The decision to buy or lease a car is a big deal, particularly for first-timers. So how do you know what’s right for you when you haven’t got a clue? Don’t worry — our experts spill the beans to help you make the most informed choice possible.
Buying saves you big-time in the long run
According to David Bakke, editor of MoneyCrashers.com, it’s always better to own a vehicle rather than to lease one. Why, you ask?
“Because if you purchase a vehicle and eventually pay it off, you’ll be driving the car without having to put another cent into it beyond gas and general maintenance,” he notes. “You also pay less in insurance when you purchase an automobile. You may pay a higher monthly payment, but it will definitely be worth it in the end.”
Leasing is great if you don’t have much up-front money
On the other hand, if you’re just starting out in your career and don’t have a ton of up-front money to invest in a car, then leasing may be a better option, points out Bakke.
“At times, there may be no required down payment at all. However, remember that if you go with leasing as a long-term strategy, you’ll always have a car payment. Not having this expense in your everyday finances is a great way to free up funds for other financial issues, such as paying off that credit card debt.”
Mileage isn’t an issue when you own your car
Unfortunately, one main drawback of leasing a car is the mileage fee associated with it, warns financial planner Hank Coleman of Money Q&A.
“Most leases allot 10,000 to 12,000 miles per year, but if you exceed that limit, you are subject to an extra 18- to 21-cent per mile charge.”
Eek! That means if the charge is 20 cents per mile driven over the limit and you drive an extra 1,000 miles per year, then when you return the car, you’ll pay an additional $200 per year you drove the car.
Leasing is less of a hassle
The great thing about leasing a car is that there’s little to no maintenance expense, plus the return process is so easy-peasy! Once your lease is up, all you have to do is turn the car in without thinking about how to sell it or prepare it to get the most money, says chief blogger for DMV.com, Jordan Perch.
“Not to mention, you’ll avoid the negotiating and haggling that’s inevitable when it comes to selling a used vehicle. You’ll also save a considerable amount of money thanks to the fact that only your monthly payments will be taxed — not the full price of the vehicle, which is the case when buying a car.”

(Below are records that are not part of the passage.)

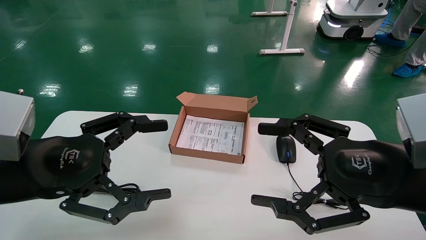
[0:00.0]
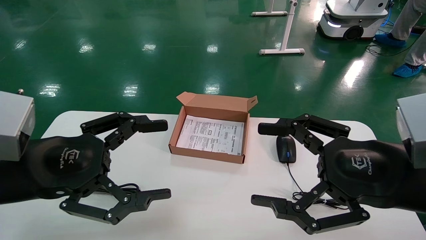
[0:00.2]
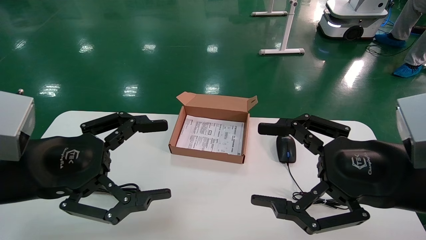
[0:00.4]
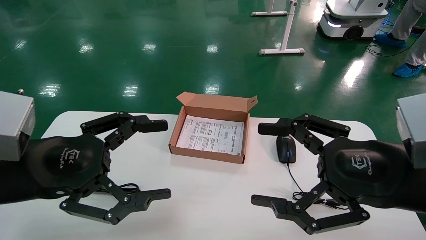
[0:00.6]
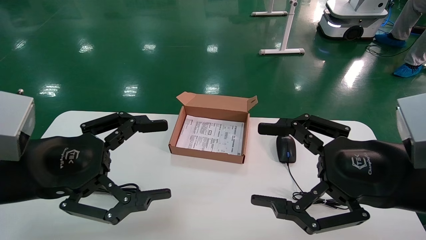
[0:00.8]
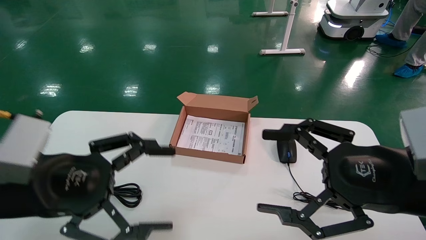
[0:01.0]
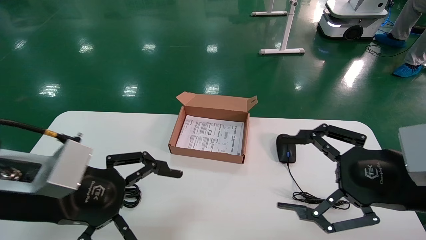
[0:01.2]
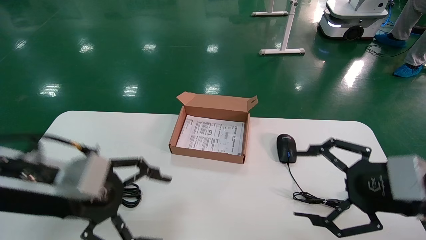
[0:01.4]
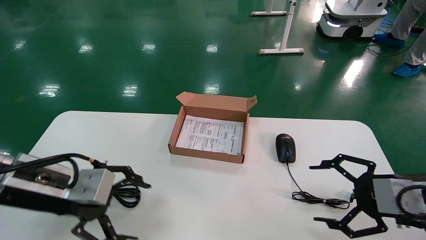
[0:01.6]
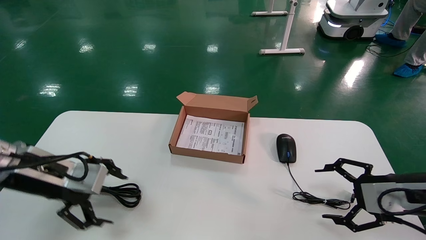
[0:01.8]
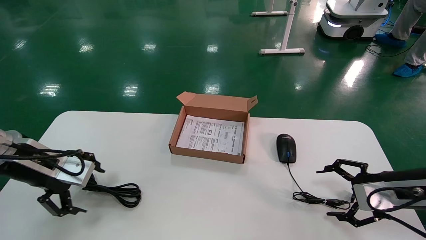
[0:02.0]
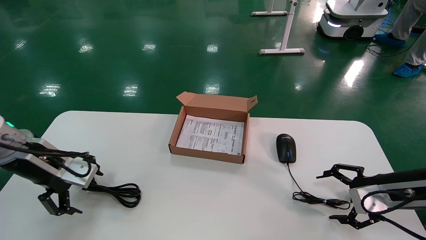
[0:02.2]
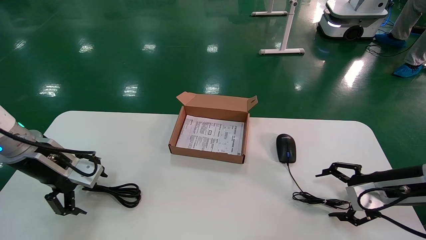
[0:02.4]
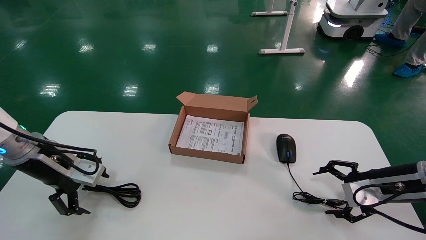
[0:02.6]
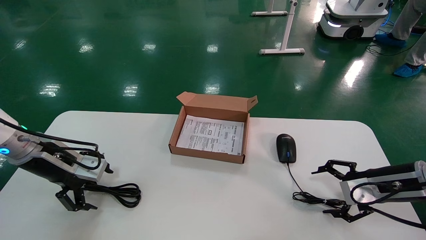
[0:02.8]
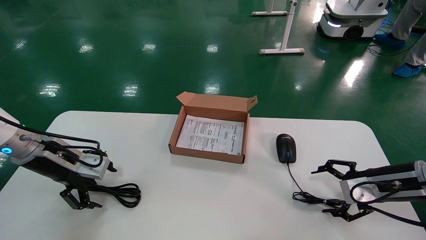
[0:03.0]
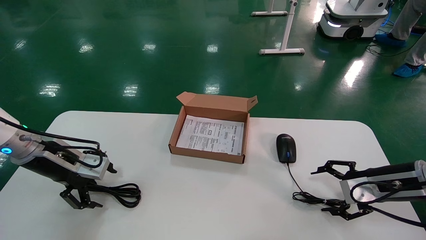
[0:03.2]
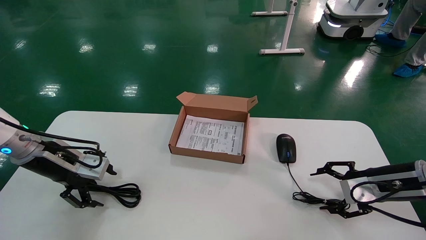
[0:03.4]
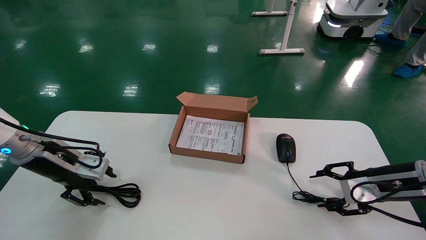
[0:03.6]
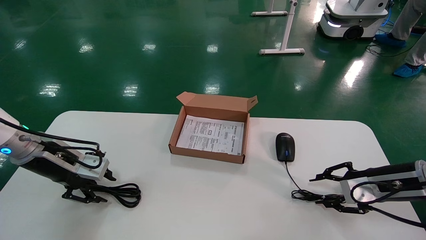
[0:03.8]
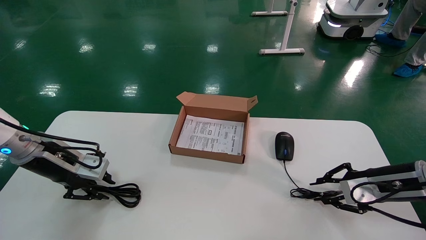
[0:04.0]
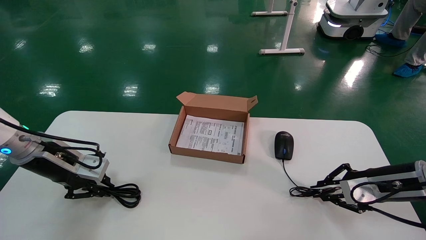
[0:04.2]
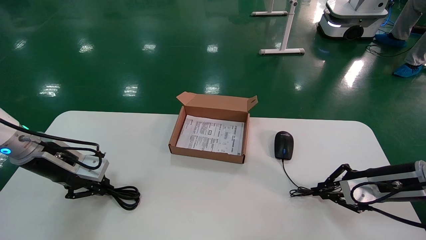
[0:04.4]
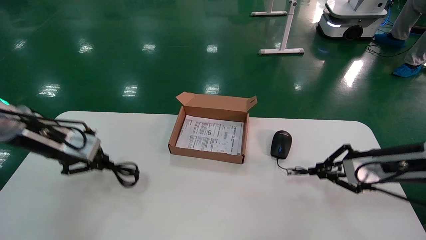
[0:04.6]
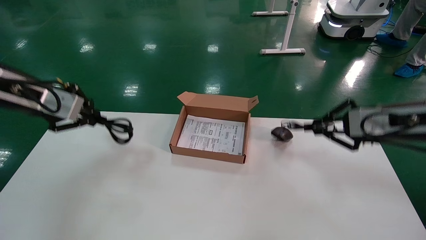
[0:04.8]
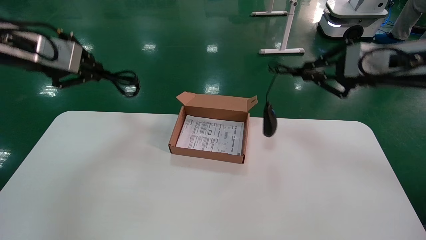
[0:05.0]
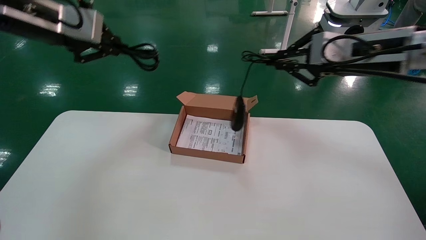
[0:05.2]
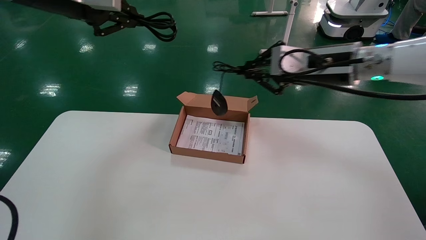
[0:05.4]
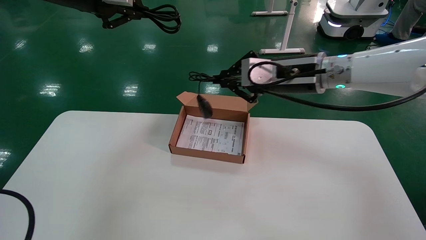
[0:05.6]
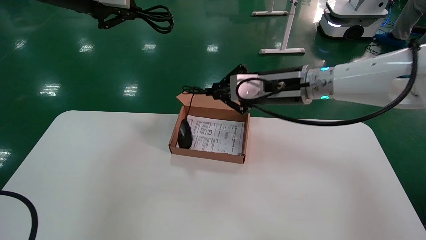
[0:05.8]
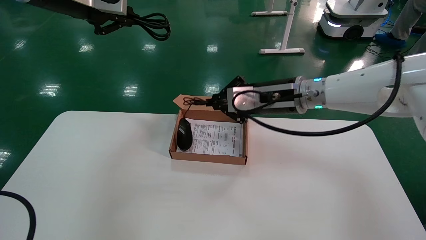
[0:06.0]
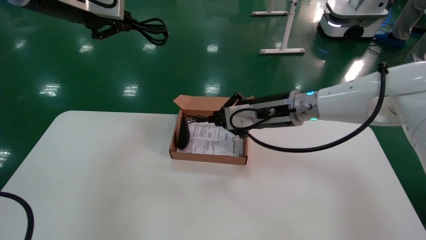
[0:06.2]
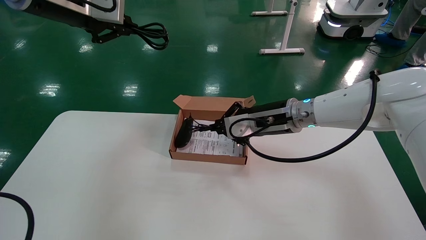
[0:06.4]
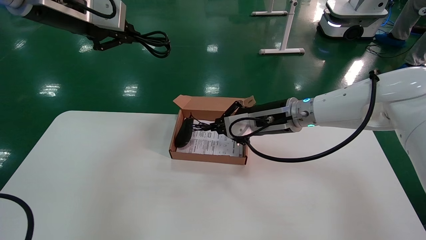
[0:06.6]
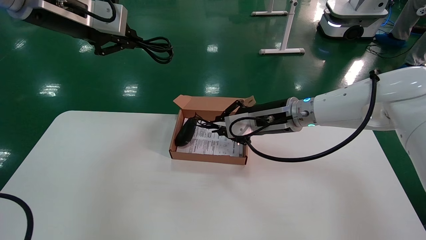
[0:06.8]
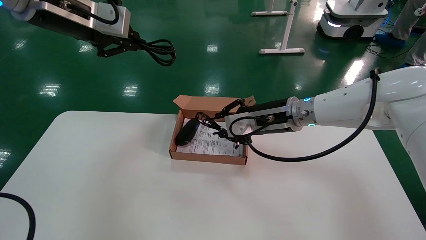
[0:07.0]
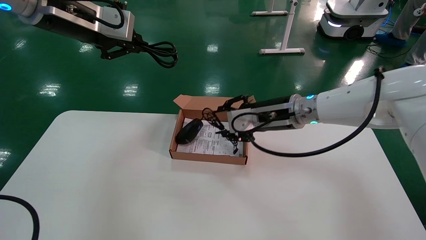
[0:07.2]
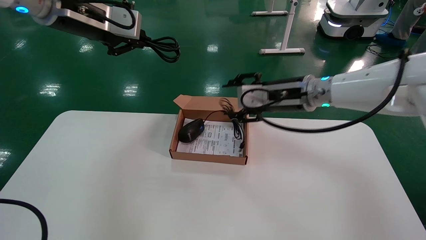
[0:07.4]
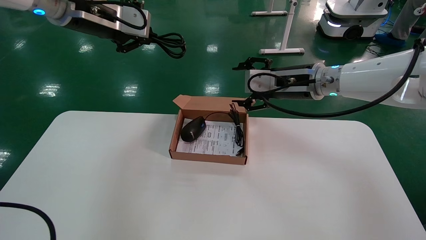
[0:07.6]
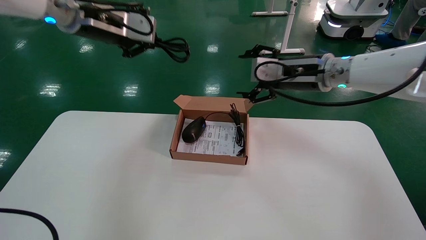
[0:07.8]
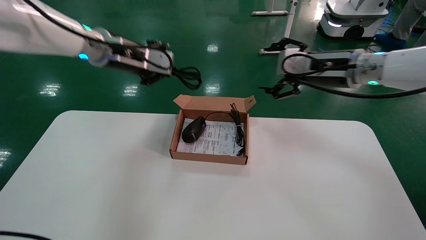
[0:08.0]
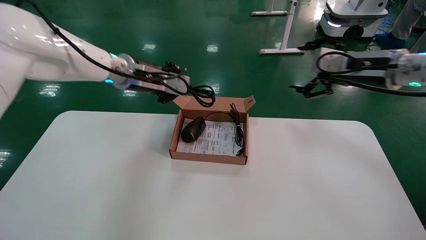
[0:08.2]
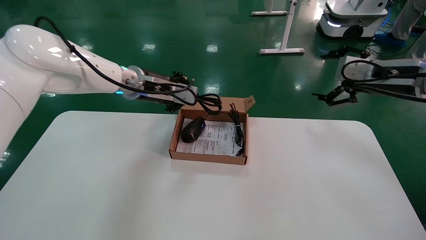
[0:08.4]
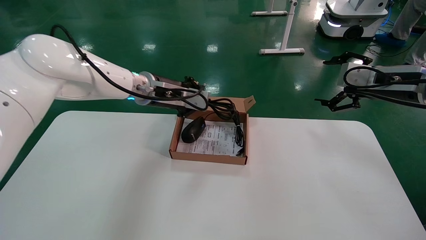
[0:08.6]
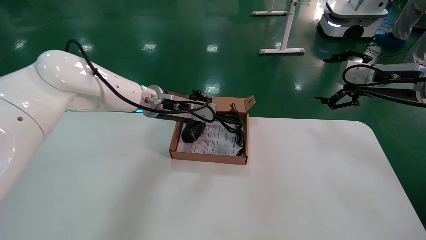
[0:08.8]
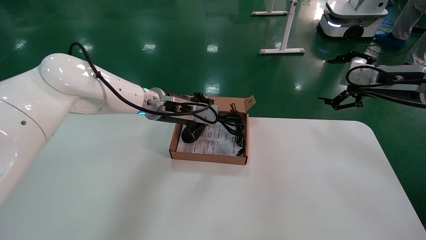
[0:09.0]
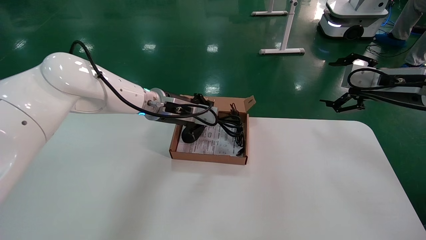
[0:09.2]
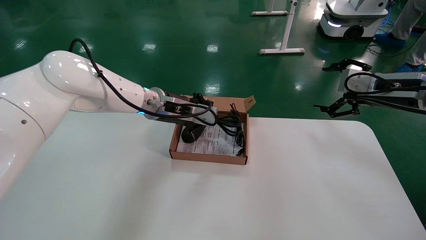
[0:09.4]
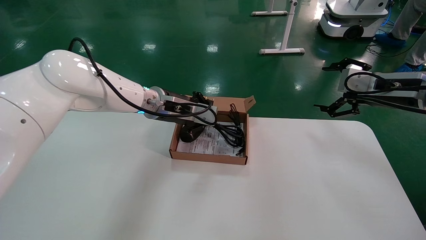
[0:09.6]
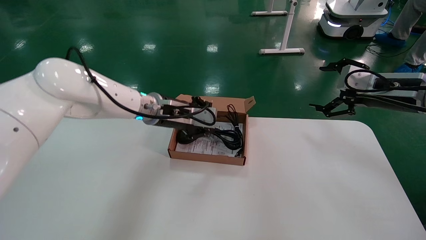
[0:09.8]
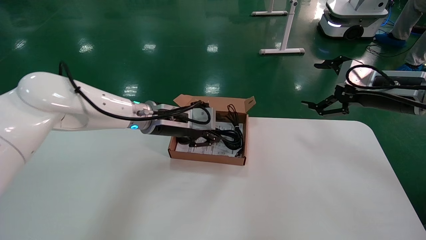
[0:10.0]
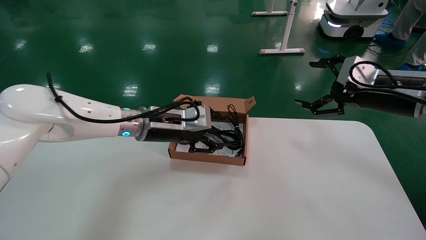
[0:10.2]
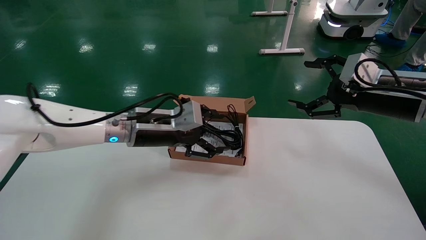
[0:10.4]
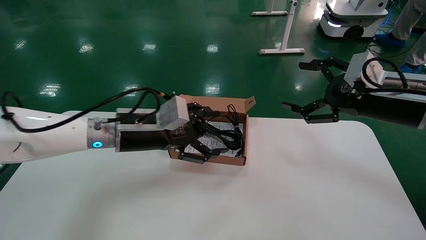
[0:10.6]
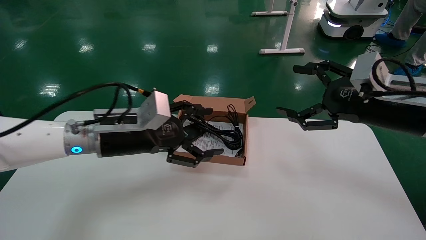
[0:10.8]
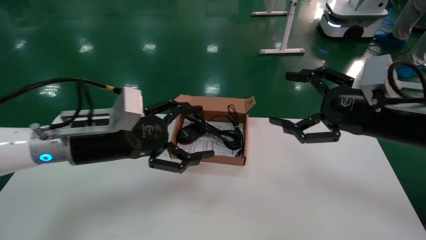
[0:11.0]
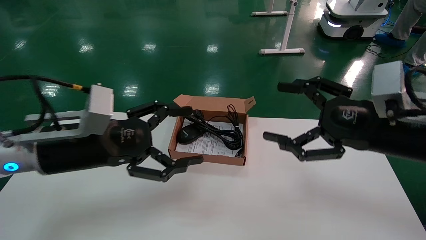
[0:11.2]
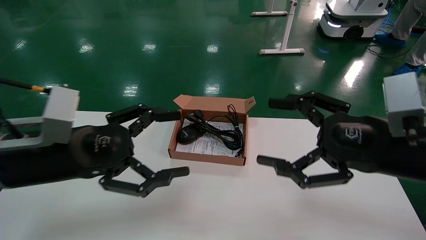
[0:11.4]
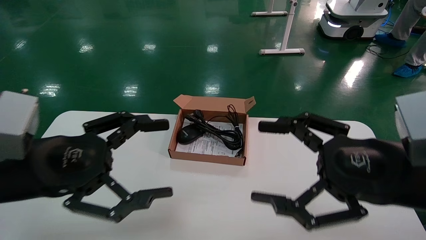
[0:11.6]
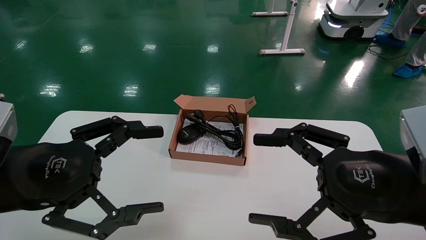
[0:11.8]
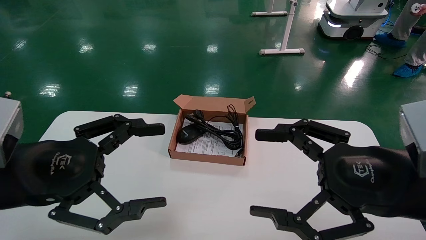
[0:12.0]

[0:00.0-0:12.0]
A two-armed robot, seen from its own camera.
Step, 0:01.0 to 0:04.4: Grab and lift both the mouse and power cord from the accessory packaging area at the same time.
Step, 0:04.6 to 0:09.6: Place the mouse and power cord into the box.
0:00.0 to 0:01.6: The left gripper travels forward by roughly 5 cm, while the right gripper moves to the right, downward and forward, approximately 15 cm.
0:01.6 to 0:03.0: The left gripper travels forward and to the left by approximately 10 cm. The right gripper moves forward, some 10 cm.
0:03.0 to 0:04.4: The left gripper closes its fingers, while the right gripper closes up.
0:04.4 to 0:06.0: The right gripper travels to the left and upward by roughly 25 cm. Meanwhile the left gripper travels upward by about 25 cm.
0:06.0 to 0:07.6: The right gripper opens up. The left gripper changes place by roughly 5 cm.
0:07.6 to 0:09.0: The left gripper heads downward and to the right, covering about 20 cm. The right gripper heads to the right, covering about 20 cm.
0:09.0 to 0:10.4: The left gripper moves backward, some 5 cm, and opens, while the right gripper shifts by approximately 5 cm.
0:10.4 to 0:12.0: The two grippers go about 20 cm backward and to the left. The left gripper opens.

Buying lowers your insurance rates
Sure, you might be shelling out more each month for your new ride, but insurance-wise, you’ll actually be paying less if you buy.
“Leasing requires purchasing collision and comprehensive insurance,” says Harrine Freeman, CEO/owner of H.E. Freeman Enterprises.
Insurance rates are often higher when you lease.
“Additionally, if your car gets stolen or is totaled, your insurance will only reimburse you for the current market value, which may not be enough to pay the remaining amount you owe on your lease,” says Freeman.
Leasing allows you to drive your dream car for less
Because monthly payments are typically lower when you lease a car, you’ll be able to drive the vehicle of your dreams for much less than if you were to buy it! However, keep in mind that you can’t make any modifications to the car since you aren’t the owner.